QUÉBEC — Après avoir été éconduite par le Directeur général des élections (DGE), l’Assemblée nationale revient à la charge et a ordonné vendredi au DGE de lever le secret sur le financement illégal du camp du Non au référendum de 1995.
Le premier ministre François Legault a évité de dire que ce référendum avait été volé, comme le soutiennent des partisans du Oui à la souveraineté.
En Chambre, le ministre responsable des Institutions démocratiques, Jean-François Roberge, a fait adopter une motion, un «ordre de l’Assemblée», pour que le DGE dévoile les documents et témoignages de la commission Grenier, chargée d’enquêter sur cette affaire en 2007.
Le résultat du référendum de 1995 sur la souveraineté avait été très serré et le camp souverainiste a souvent accusé ses adversaires du Non à l’indépendance d’avoir contourné les règles sur les dépenses en campagne référendaire.
En conférence de presse, M. Legault a dit qu’il voulait «qu’on fasse toute la lumière», mais a évité d’affirmer que le référendum avait été volé.
«On n’a pas, pour l’instant, toutes les informations.

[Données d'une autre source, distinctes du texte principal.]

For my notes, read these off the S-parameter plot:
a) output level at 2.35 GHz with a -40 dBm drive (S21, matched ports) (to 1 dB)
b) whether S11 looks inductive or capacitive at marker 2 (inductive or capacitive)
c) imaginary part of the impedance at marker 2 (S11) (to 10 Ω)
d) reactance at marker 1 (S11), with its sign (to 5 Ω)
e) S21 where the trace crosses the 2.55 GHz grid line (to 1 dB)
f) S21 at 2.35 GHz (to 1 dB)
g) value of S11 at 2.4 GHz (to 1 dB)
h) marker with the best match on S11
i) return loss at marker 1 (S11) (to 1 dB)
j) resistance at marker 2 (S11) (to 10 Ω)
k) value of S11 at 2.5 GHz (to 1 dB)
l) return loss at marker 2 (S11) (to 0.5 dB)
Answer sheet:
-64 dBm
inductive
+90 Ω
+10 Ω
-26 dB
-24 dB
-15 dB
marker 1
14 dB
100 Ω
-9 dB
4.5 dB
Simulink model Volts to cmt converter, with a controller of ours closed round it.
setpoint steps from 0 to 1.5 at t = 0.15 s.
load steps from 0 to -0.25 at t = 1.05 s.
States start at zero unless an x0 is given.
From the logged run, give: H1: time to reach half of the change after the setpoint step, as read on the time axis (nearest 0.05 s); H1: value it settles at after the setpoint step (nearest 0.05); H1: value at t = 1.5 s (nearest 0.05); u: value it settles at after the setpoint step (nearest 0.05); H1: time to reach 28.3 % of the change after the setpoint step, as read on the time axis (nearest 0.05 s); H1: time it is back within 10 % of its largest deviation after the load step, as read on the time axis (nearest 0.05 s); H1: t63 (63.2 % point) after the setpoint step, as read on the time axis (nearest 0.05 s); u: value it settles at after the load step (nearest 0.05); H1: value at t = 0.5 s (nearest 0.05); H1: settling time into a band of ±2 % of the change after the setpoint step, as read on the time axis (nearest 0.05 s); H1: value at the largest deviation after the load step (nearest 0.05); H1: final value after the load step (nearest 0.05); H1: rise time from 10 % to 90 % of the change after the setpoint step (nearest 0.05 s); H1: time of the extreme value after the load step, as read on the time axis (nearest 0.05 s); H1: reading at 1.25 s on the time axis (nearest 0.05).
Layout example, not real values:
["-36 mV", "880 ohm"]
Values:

Quand on aura toutes les informations, je pourrai répondre à votre question», a-t-il déclaré lors de son bilan de la session parlementaire.
Il y a deux semaines, le Parti québécois (PQ) avait fait adopter une motion à l’unanimité qui demandait au DGE de tout révéler.

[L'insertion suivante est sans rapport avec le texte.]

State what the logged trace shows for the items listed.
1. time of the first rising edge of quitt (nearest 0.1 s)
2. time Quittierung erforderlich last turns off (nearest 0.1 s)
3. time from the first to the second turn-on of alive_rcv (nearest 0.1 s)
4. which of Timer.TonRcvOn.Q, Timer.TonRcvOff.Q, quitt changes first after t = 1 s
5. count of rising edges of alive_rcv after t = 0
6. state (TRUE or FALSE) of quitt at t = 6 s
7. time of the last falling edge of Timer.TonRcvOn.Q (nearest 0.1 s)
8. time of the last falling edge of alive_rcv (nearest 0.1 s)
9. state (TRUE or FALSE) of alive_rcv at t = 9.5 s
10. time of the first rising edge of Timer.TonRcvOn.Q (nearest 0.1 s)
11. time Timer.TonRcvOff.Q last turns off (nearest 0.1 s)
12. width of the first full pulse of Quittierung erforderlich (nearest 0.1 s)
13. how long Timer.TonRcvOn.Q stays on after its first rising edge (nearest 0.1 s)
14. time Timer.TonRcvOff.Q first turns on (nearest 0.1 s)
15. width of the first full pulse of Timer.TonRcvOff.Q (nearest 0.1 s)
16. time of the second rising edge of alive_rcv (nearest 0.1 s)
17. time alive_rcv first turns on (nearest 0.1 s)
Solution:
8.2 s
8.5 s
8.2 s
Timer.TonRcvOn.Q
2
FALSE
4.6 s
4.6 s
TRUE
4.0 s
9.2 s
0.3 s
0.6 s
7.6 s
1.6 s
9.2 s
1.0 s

Mais le DGE, Jean-François Blanchet, avait fait savoir que la motion pilotée par le PQ n’allait pas permettre «vraisemblablement une divulgation complète des témoignages et documents visés».

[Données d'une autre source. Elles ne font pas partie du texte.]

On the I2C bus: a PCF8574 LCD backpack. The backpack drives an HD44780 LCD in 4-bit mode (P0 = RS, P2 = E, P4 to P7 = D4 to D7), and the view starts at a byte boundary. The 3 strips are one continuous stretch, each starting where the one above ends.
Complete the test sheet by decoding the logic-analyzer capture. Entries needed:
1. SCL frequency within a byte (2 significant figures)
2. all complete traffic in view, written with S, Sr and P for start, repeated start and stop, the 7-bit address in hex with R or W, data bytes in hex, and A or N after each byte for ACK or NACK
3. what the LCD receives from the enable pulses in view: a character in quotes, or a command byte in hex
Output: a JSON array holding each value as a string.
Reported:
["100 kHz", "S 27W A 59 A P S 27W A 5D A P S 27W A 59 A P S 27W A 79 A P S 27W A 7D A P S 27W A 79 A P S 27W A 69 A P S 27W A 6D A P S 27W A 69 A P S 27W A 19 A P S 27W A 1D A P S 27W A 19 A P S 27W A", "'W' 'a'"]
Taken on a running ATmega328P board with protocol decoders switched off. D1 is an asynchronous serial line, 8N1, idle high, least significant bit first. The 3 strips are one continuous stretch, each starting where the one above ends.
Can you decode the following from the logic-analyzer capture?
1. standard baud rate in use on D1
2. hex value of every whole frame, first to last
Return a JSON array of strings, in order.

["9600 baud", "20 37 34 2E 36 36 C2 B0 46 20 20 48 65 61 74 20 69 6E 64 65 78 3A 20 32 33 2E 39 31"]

Il évoquait entre autres «le caractère préjudiciable que pourraient encore comporter certains documents».
Le DGE a dit que «ce n’était pas si clair, l’ordre de l’Assemble nationale», a résumé le leader parlementaire du gouvernement, Simon Jolin-Barrette, en conférence de presse au côté de M. Legault.
«La motion qu’on a déposée est clairement libellée comme un ordre de l’Assemblée nationale», a-t-il expliqué.
En effet, elle «ordonne» au DGE de «divulguer et de rendre publics l’ensemble des témoignages et documents de la commission Grenier dans les plus brefs délais».
En conclusion, le texte précise même: «que cette motion soit un ordre de l’Assemblée».
Rappelons que le 30 octobre 1995, le Non à la souveraineté l’a emporté par une courte marge, 50,58 % contre 49,42 % pour le camp du Oui.
Les souverainistes ont accusé leurs adversaires fédéralistes d’avoir triché durant la campagne référendaire en ne respectant pas le plafond de financement attribué aux deux camps en vertu de la loi québécoise.
En 2006, le DGE avait chargé le juge retraité Bernard Grenier d’enquêter sur les allégations de financement illégal du camp du Non. La commission avait déposé un rapport en 2007.
Dans son rapport publié en 2007, il estimait à «environ 500 000 $ les dépenses réglementées qu’Option Canada (le programme et la société) ont effectuées et qui n’ont pas été autorisées et déclarées».
Pas moins de 90 témoins avaient été entendus à huis clos et 4500 documents déposés en preuve. Mais le tout est frappé d’une «ordonnance relative à la non-divulgation, la non-communication et la non-diffusion de la preuve», sans limite de temps, rendue par le commissaire Grenier.
Bernard Grenier avait justifié son ordonnance en disant qu’il était «sensible à la mise en garde exprimée par certains quant au risque de porter atteinte après 11 ou 12 ans à la réputation de personnes qui ont œuvré pour la cause du Non en toute bonne foi».
Il avait aussi affirmé qu’il voyait mal comment il pouvait rendre accessibles les documents à l’époque: «Les préjudices et les injustices qu’on aurait voulu éviter en procédant à huis clos seraient ainsi causés.»
Le chef péquiste Paul St-Pierre Plamondon mène une bataille depuis des semaines pour lever le secret sur la commission Grenier. Selon lui, la population doit connaître la vérité sur ce qui s’est passé au cours de la campagne référendaire.
Il estime que le commissaire Grenier a fait de la politique en émettant son ordonnance.
«Pourquoi est-ce qu’on avait une ordonnance pour l’éternité visant à enterrer pour toujours tous les documents et tous les témoignages? avait-il demandé en mêlée de presse. Convenons que nous sommes en politique, c’est de la politique.»